It Works if You Work It!

Ever since I was eight years old, when I began looking though adult magazines, I was hooked. My life was filled with fantasy, masturbation, pornography, TV, videos, and trying to connect with girls. In my college years, alcohol and marijuana seemed to go well with my lust. I was much less inhibited with dates when I was under the influence of chemicals.

When things got bad enough, I joined AA. My last drink was 26 years ago, thanks be to God. However, during my first eight “dry” years, my lust and sexual acting out got worse. A typical day for me consisted of fantasy, masturbation, pornography, and flirting. I got married during this time, thinking I was in love—but our relationship consisted mostly of acting out together a lot. We never built any real emotional intimacy.

Toward the end of my addiction, I had a second job and came home late many nights. Sometimes, between the two jobs, I would act out with women I was seeing. My wife and I had a nightly ritual. First, I would feign a good mood in order to make a lustful advance. She would usually decline. Then I would park myself in front of the television and pout. “What’s wrong?” she would ask. “Are you mad at me?” I would deny it and she would go to bed. I then proceeded to flip through TV channels, looking for triggers and acting out. On days when I was off and at home, my three-year-old son would hardly ever think about asking me to play with him. “Daddy” was an isolated and distant piece of furniture attached to the couch.

In the last week of my addiction, my wife and I had some of our loudest arguments. Blunt objects and harsh words flew in our house, leaving my wife, my son, and me in a lot of tears. The pain got so bad that one day I finally told someone—a therapist—what I had been doing. I told him that this felt a lot like alcohol did eight years ago: a real hell. I asked him if this could be an addiction just like booze. He said, “Absolutely!” The next night—July 16th, 1991—I attended my first SA meeting. I was ready.

The tears flowed frequently that first week, but this time they were tears of relief. The old-timers asked whether I was sure I was ready to stop. They said that half-hearted beginnings may not succeed. They asked, “Do you think you have any options other than to stop completely?” I had to say no. I found a sponsor immediately who urged me to begin working the Twelve Steps right away. Pain sure is a great motivator—I did exactly as he told me.

Every Sunday morning, four of us would get together for breakfast and Step work. We worked Steps One though Eleven in a non-stop manner. We would work on them individually during the week and then share our work on Sundays. This was a beautiful way for newcomers to learn how the Steps build upon each other—with the idea that we would continue working the Steps for the rest of our lives.

It was through this working of the Steps, by the grace of God and the fellowship of SA, that I stayed sober for 9 1/2 years.

During these years, I began to respect and take care of myself—new territory, indeed. God even led me back to the religion of my childhood, and my son and I began going to church together. He and I became very close. We have some great memories of those years.

Sadly however, as I grew in my recovery, my wife and I grew apart. My wife was not interested in working on our marriage. Eventually, she had an affair and we divorced. I was devastated.

I found an apartment that I could share with my son half the time. While living on my own, I made some very bad decisions. During this time, I focused way too much on my resentments, anger and self-pity. As I harbored these feelings I began to dabble in Internet pornography. Inevitably, I acted out twice. On my own, I have no power over lust. Thankfully, God has all power, and with His help, all things are possible.

The last time I acted out was August 29, 2001. My life has changed in so many ways for the better. Today, my head is clear, and I feel more useful, productive, and happy than I ever thought possible. I remarried in sobriety—another beautiful gift. By being clear-headed and prayerful during our engagement, my wife and I had an absolutely beautiful wedding night. It was well worth the wait!

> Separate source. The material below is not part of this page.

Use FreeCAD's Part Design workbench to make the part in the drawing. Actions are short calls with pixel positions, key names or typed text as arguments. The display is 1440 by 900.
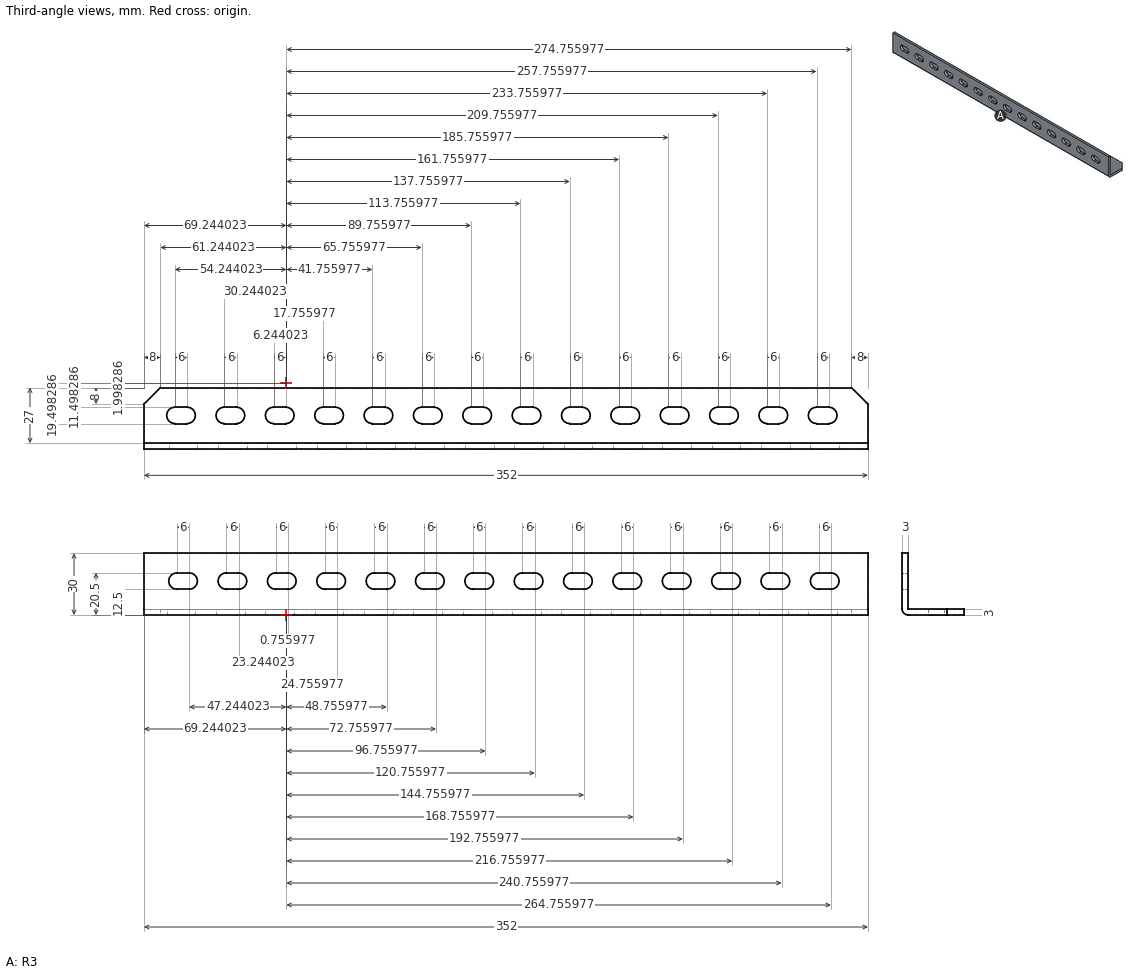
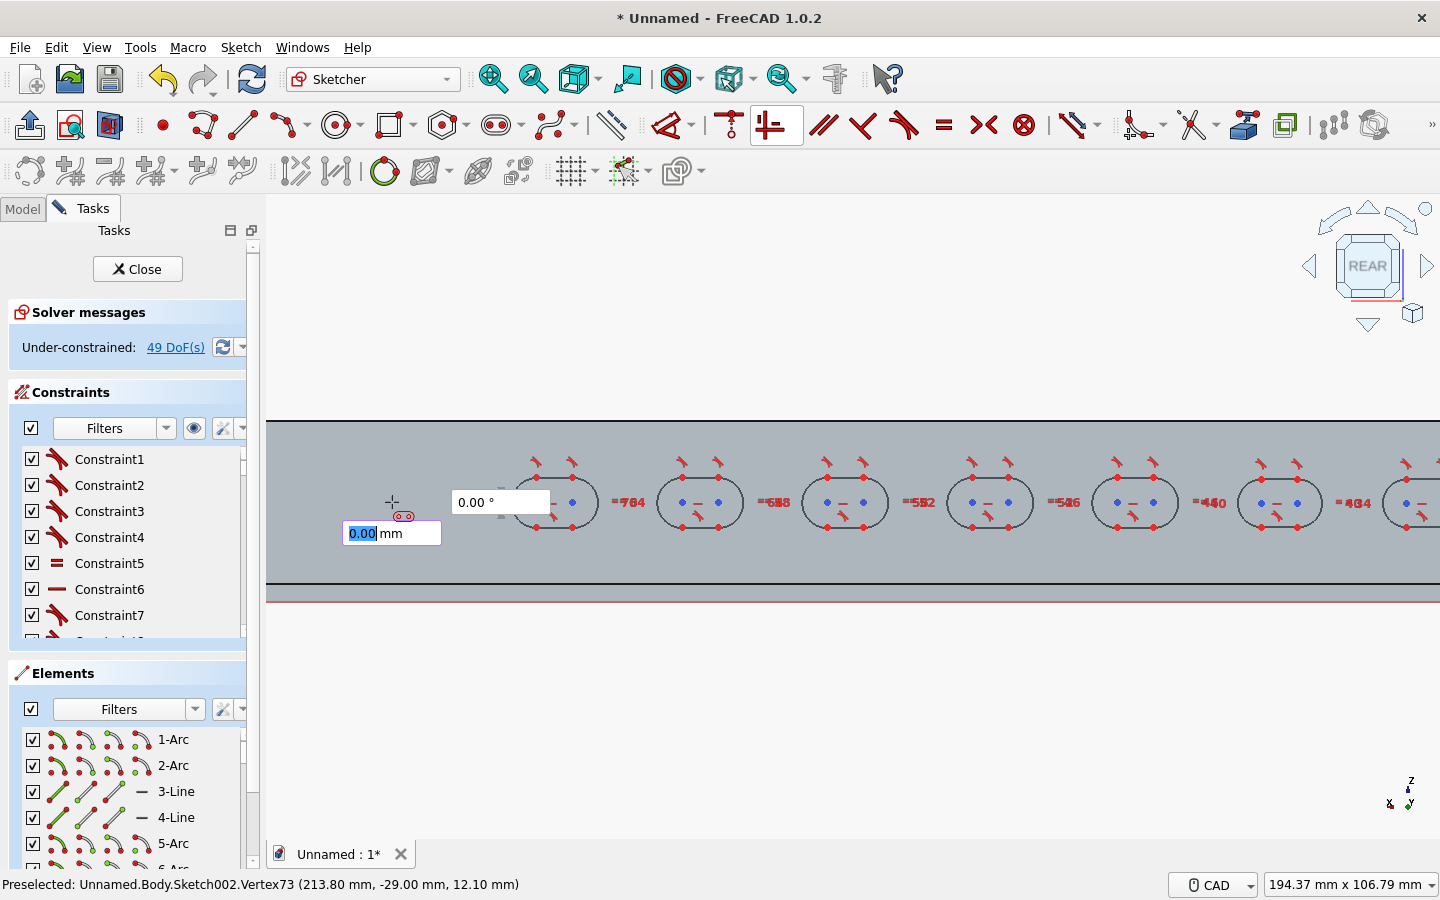
click(428, 502)

My sponsor once told me that if I want to really know how I’m doing in recovery, I should look at my family to see how they are doing. I’m grateful to report that God has given my son a level of confidence and happiness that I never had growing up. He seems well-adjusted and successful in school and with friends. My wife is filled with God’s peace and joy. We love spending time together, walking and talking. We still feel like newlyweds, after being married for almost eight years.

Today, I have a new self-confidence and a sense of purpose that I never dreamed possible. My productivity and attention span have improved both at home and at work. I could never have handled the position I have now if I were still acting out. I am truly blessed.

Another blessing has been the SA fellowship in our area. Our home group just celebrated our 15th anniversary. Fifteen years ago, we had only two meetings in the area. Today there are 48 meetings nearby, as well as a regular Twelve Step workshop for newcomers. God is good!

Everywhere I turn lately, I hear about sex offenders. Many people are suffering from our addiction, but they have no idea what is wrong with them. Using the Steps, we have the ability to help the addicts still out there—if we are sober. If I want to be able to help the next person who walks in the door, I must be free from lust. God has blessed us with these Twelve Steps, and if we work them, He will use us to help others—in His own time, in His own way.